* Work instruction: Images within the entries are to be omitted; the remainder must be reproduced exactly.

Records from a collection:
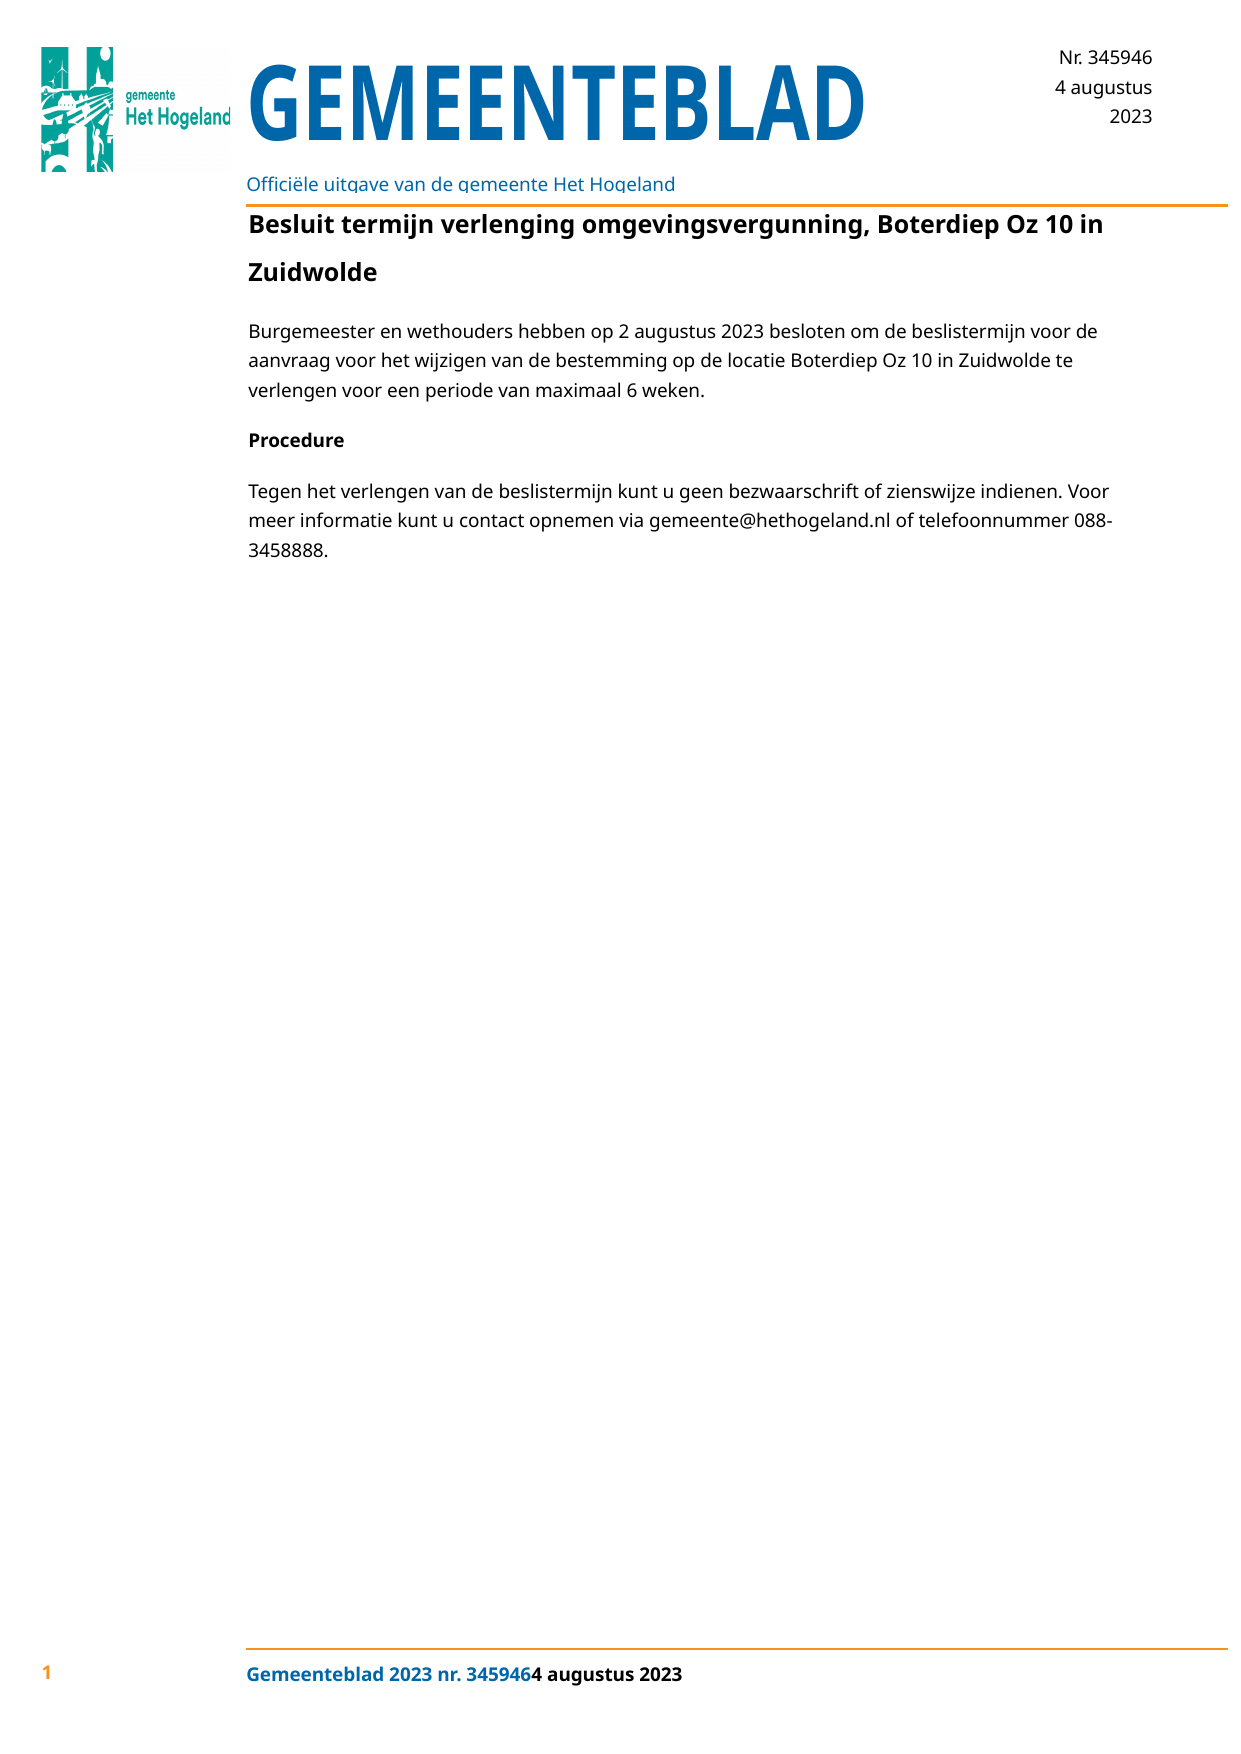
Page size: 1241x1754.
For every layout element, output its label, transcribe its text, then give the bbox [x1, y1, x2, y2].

text Procedure [248, 427, 1152, 453]
text Tegen het verlengen van de beslistermijn kunt u geen bezwaarschrift of zienswijze indienen. Voor meer informatie kunt u contact opnemen via gemeente@hethogeland.nl of telefoonnummer 088-3458888. [248, 478, 1152, 563]
text Besluit termijn verlenging omgevingsvergunning, Boterdiep Oz 10 in Zuidwolde [248, 207, 1152, 288]
text Burgemeester en wethouders hebben op 2 augustus 2023 besloten om de beslistermijn voor de aanvraag voor het wijzigen van de bestemming op de locatie Boterdiep Oz 10 in Zuidwolde te verlengen voor een periode van maximaal 6 weken. [248, 318, 1152, 403]
picture [41, 47, 231, 172]
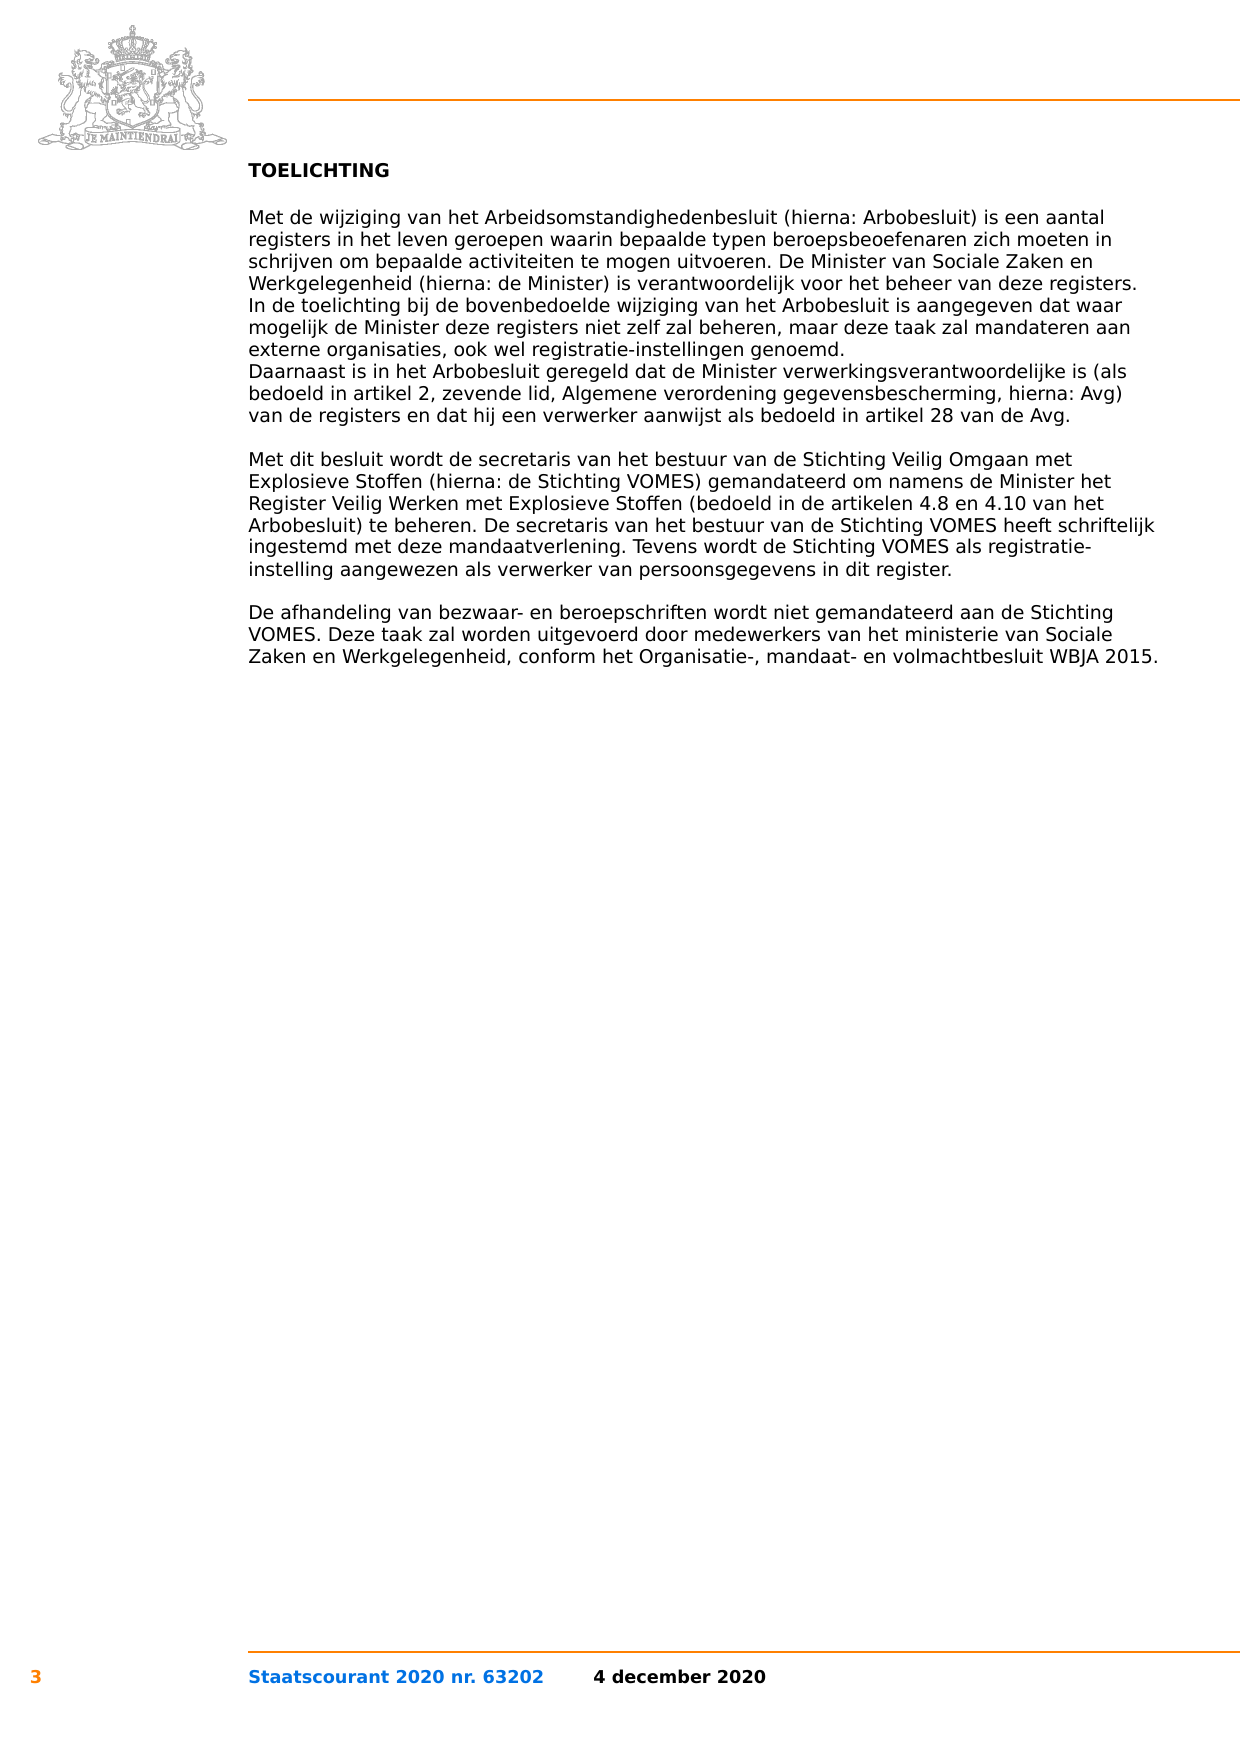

* Written reply:
Page size: 1241x1754.
For every layout element, output its label, transcribe its text, then give the bbox [x1, y1, x2, y2].

text Procedure [248, 427, 1152, 453]
text Tegen het verlengen van de beslistermijn kunt u geen bezwaarschrift of zienswijze indienen. Voor meer informatie kunt u contact opnemen via gemeente@hethogeland.nl of telefoonnummer 088-3458888. [248, 478, 1152, 563]
text Besluit termijn verlenging omgevingsvergunning, Boterdiep Oz 10 in Zuidwolde [248, 207, 1152, 288]
text Burgemeester en wethouders hebben op 2 augustus 2023 besloten om de beslistermijn voor de aanvraag voor het wijzigen van de bestemming op de locatie Boterdiep Oz 10 in Zuidwolde te verlengen voor een periode van maximaal 6 weken. [248, 318, 1152, 403]
picture [41, 47, 231, 172]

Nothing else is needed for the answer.